Cats, Coyotes.

The return trip from my parents’ house in New Mexico to my own Hardwick, Vermont, house was 20 hours. When I stepped off the plane, I was effusively grateful to see my daughters waiting to drive me home, to wrap me again in our own particular kind of family — loving and funny, with the fierce rivers of stories that run between us.

A friend texts me and sweetly offers to make me a meal; these days, about all I’ve done is trudge into work, then lie on couch with my cats, reading Michael Crummy and soaking in Jon Stewart’s election update. When my daughters were babies, I lived in a rarefied kind of atmosphere, of warm milk and scant sleep and intense curiosity: what now? what next? As if bookended, my parents in very old age live in a unique world, too, suffused with New Mexican sunlight, and with a similar uncertainty: what next?

In that middle-of-the-night drive to Albuquerque, circling through the airport parking lot, I spied a coyote. I pulled over, opened the car door, and looked back. Under the amber streetlights, the coyote hurried along, brushy tail bouncing, not so much as glancing over its shoulder at me. Around us, so much cement, then the desert, undulating, spreading up into the hills, disappearing from sight.

The wild creature vanished into the dark.

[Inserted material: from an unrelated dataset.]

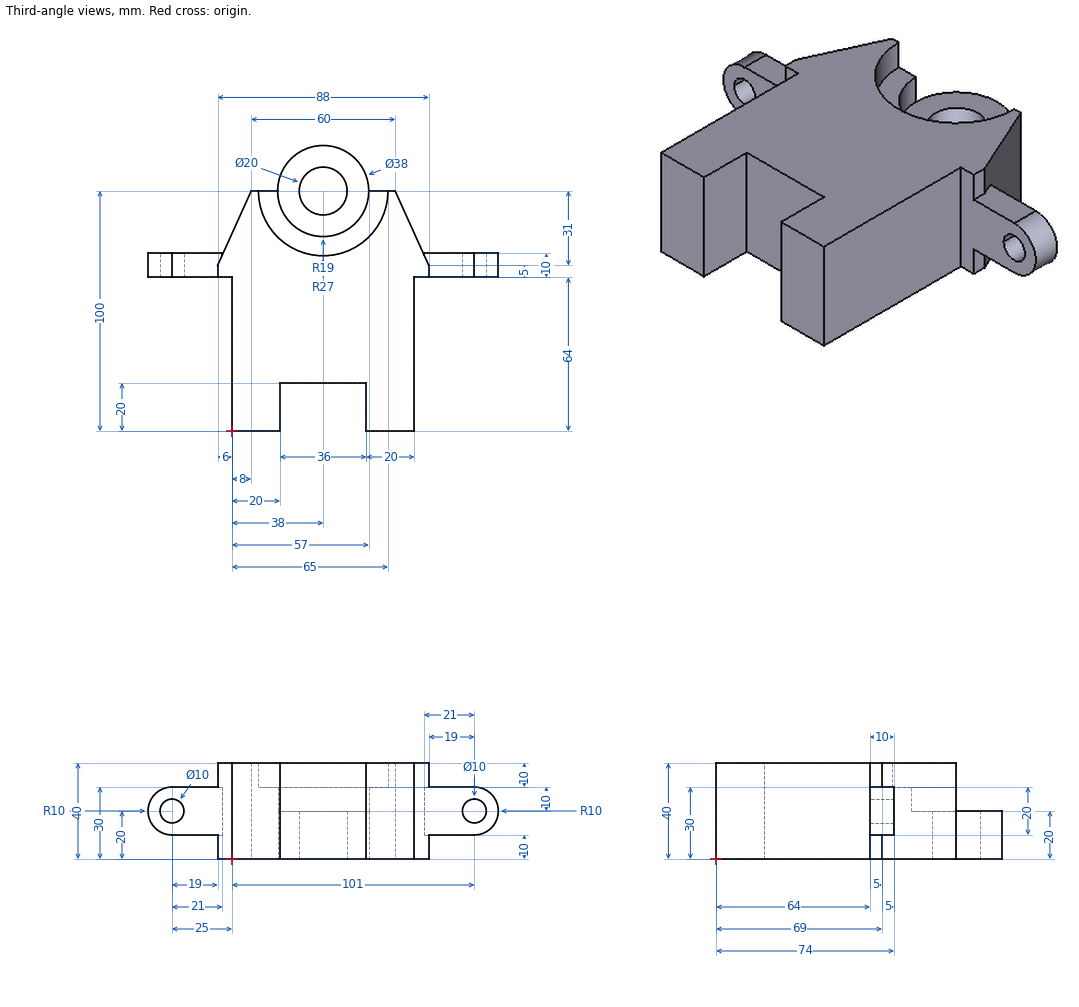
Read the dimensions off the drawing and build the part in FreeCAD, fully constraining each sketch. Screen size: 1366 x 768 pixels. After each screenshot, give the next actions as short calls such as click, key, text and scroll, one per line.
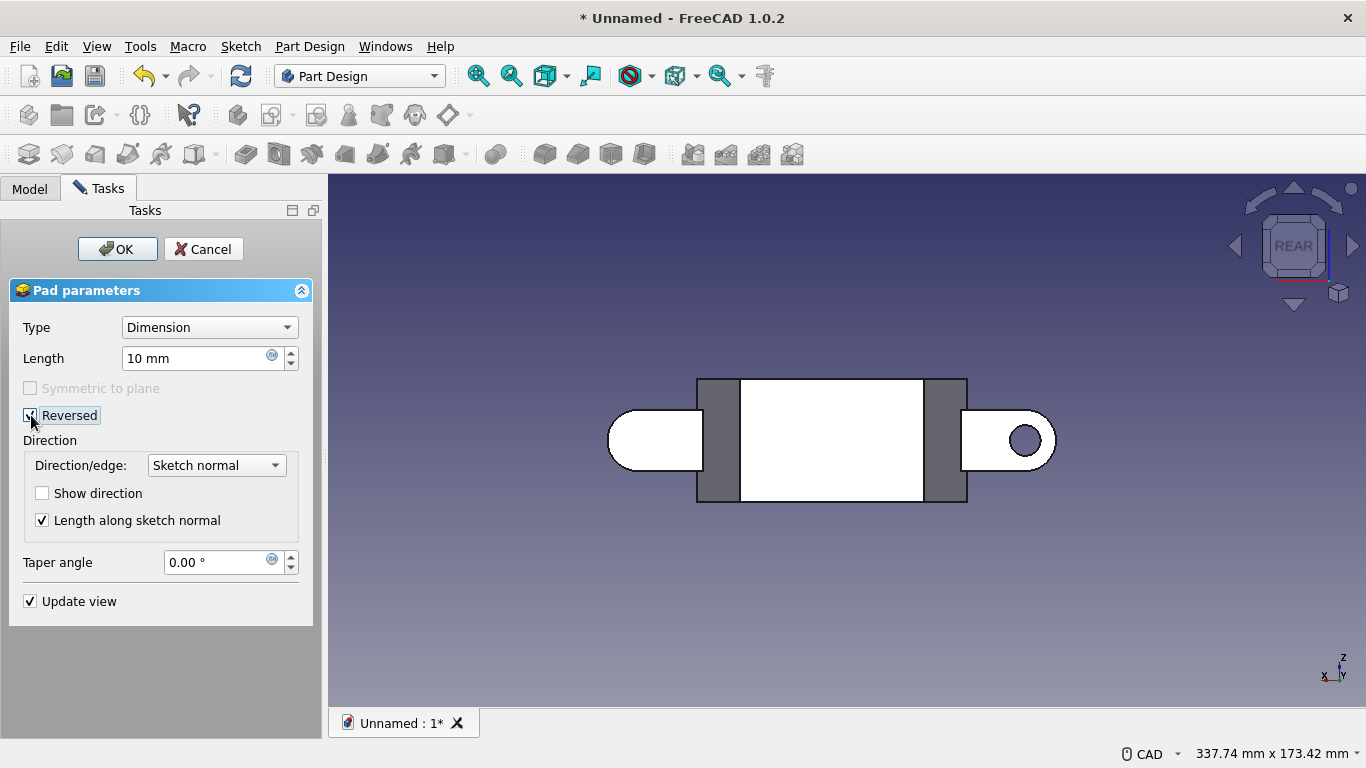
click(118, 249)

“A body must bear what can’t be helped.”

— Michael Crummy

Stitching, in Friends & Wool.

December, and by five o’clock, the dark has hammered in for the night. A friend and I walk to the post office, talking about work and family, laughing as we avoid icy patches glowing beneath the streetlamps. We meet a neighbor walking home with her two children from the afterschool program. The boys have glowing strips wrapped around their wrists, red and green, that draw lines through the darkness as they pinwheel their arms.

We return to my dead-end street where the light glows on my back porch. At the silhouette of mountains across the valley, an immense column of amber light illuminates the night sky. Moonrise. It’s not particularly cold. We linger and watch the stars and planets rub on against the darkness, one by one, and keep talking about those complicated stories of family, of how history bends back upon itself and what this might mean for our children who are in the time of their youth.

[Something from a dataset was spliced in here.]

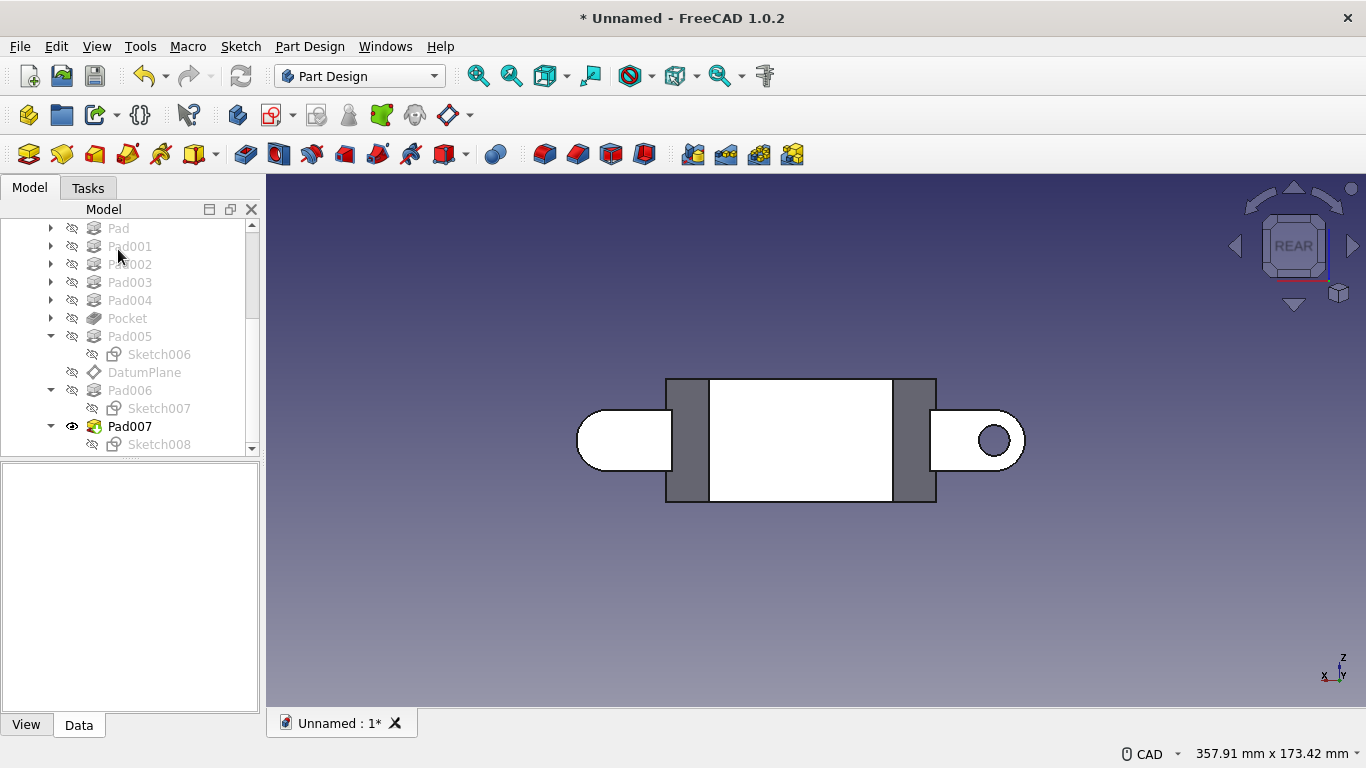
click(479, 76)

Above, stitches of a sweater I knitted for a faraway friend, something I created with pleasure and gratitude, that I’ll box up and mail away. Who knows when I’ll see these friends again. But it’s the only way forward that lends any illumination for me: stitch. When need be, unravel and begin again.

“The products of science and technology may be new, and some of them are quite horrid, but knitting? In knitting there are ancient possibilities; the earth is enriched with the dust of the millions of knitters who have held wool and needles since the beginning of sheep. Seamless sweaters and one-row buttonholes; knitted hems and phoney seams – it is unthinkable that these have, in mankind’s history, remained undiscovered and unknitted. One likes to believe that there is memory in the fingers; memory undeveloped, but still alive.”